▸ **ACTIVITY**: Scan the material and copy every line in which "from" appears.

▸ **DATA PROVIDED**:

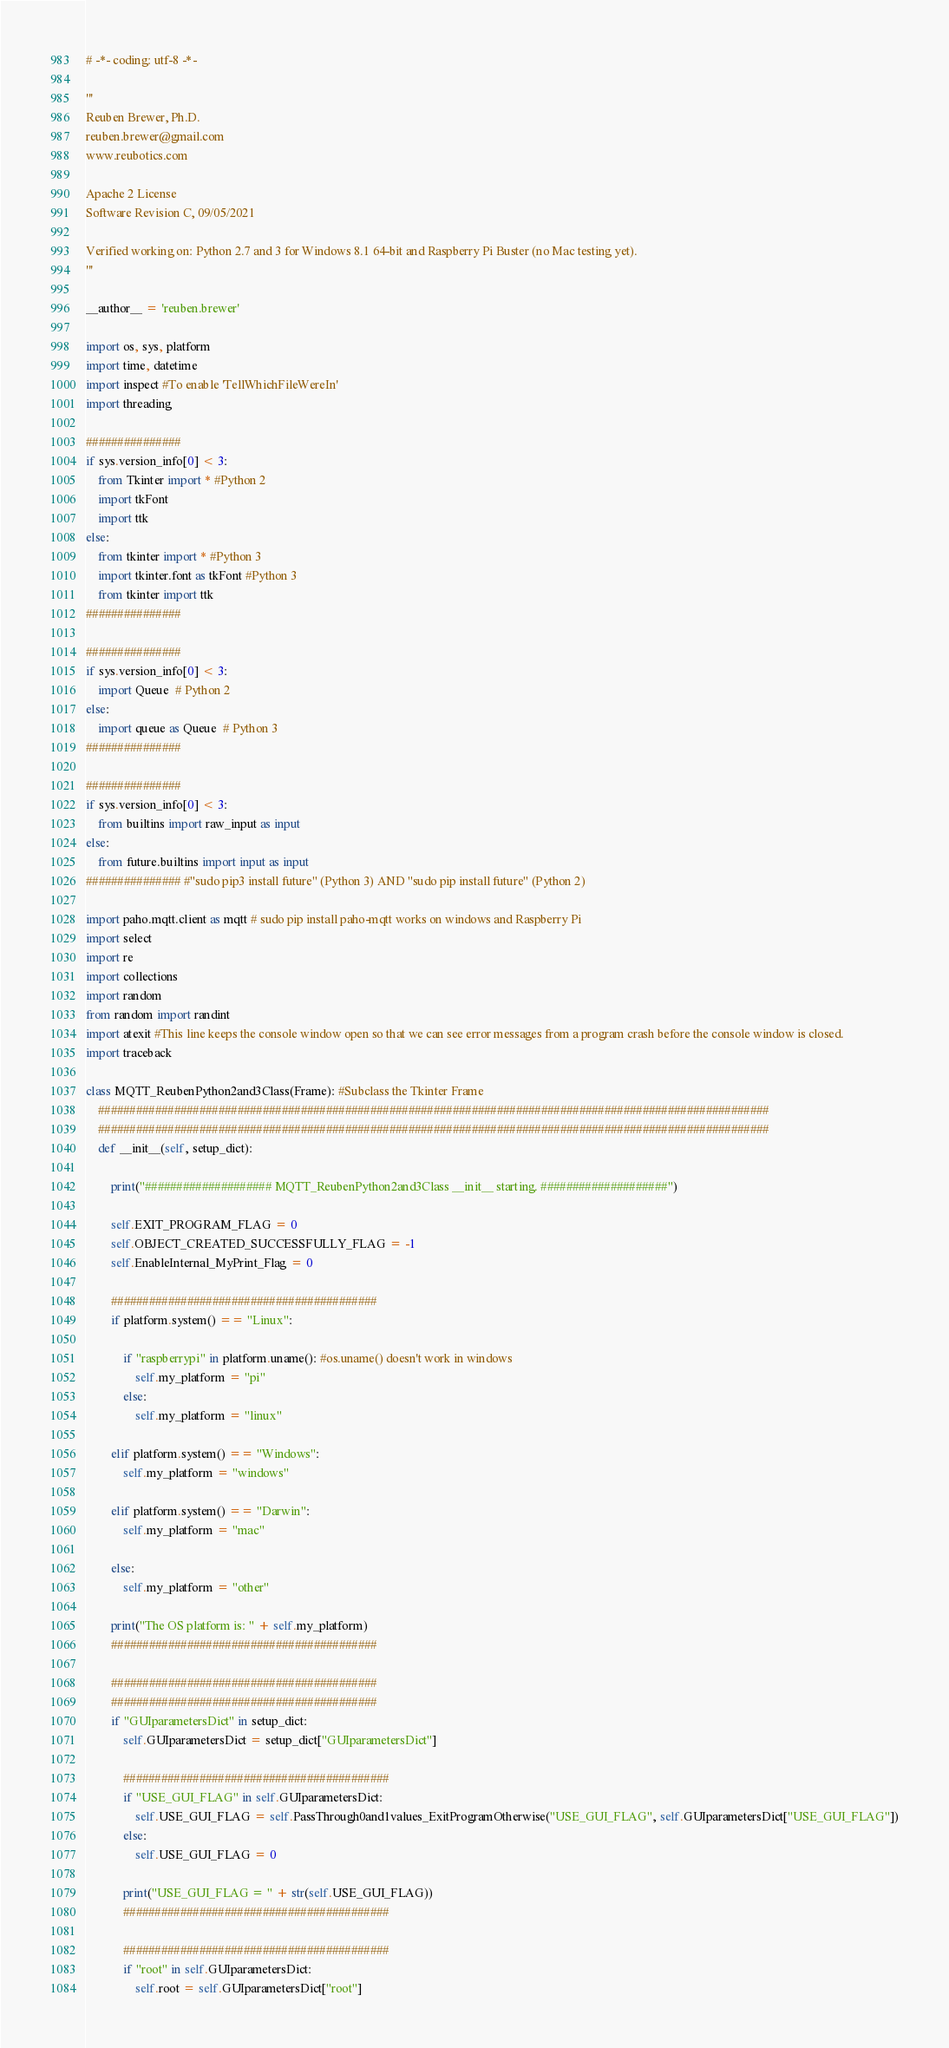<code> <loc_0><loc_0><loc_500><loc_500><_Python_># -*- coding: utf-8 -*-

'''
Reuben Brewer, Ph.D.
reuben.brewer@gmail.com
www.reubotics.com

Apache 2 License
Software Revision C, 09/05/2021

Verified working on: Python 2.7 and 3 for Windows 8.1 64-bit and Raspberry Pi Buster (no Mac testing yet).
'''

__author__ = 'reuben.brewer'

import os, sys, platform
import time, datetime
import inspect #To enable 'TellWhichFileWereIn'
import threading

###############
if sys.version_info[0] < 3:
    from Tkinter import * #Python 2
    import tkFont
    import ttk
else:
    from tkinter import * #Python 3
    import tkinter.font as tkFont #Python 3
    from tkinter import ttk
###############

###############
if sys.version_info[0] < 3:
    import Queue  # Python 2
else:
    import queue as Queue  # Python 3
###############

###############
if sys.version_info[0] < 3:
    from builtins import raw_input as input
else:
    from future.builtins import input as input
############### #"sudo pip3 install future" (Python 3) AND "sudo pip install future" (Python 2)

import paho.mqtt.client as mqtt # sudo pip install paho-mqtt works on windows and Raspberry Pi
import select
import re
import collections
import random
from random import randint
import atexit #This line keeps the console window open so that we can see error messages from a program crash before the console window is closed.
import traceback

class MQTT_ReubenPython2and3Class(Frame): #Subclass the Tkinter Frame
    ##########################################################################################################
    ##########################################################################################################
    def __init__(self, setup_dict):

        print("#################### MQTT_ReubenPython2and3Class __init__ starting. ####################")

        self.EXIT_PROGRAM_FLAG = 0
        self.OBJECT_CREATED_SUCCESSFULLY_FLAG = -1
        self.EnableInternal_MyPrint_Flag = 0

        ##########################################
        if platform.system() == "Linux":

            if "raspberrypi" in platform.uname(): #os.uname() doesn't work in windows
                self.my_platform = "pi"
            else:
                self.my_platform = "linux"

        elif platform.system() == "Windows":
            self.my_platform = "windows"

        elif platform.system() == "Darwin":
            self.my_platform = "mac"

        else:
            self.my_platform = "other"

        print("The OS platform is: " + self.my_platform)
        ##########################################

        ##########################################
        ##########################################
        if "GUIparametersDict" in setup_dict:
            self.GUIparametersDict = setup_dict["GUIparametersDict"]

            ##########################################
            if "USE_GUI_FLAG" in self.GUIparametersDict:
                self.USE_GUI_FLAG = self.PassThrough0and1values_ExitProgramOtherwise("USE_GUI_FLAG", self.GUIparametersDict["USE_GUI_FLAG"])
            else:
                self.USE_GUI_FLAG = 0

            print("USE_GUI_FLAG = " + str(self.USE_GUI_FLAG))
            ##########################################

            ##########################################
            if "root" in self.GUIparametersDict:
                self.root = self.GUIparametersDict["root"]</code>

▸ **RESPONSE TO THE EXERCISE**:
    from Tkinter import * #Python 2
    from tkinter import * #Python 3
    from tkinter import ttk
    from builtins import raw_input as input
    from future.builtins import input as input
from random import randint
import atexit #This line keeps the console window open so that we can see error messages from a program crash before the console window is closed.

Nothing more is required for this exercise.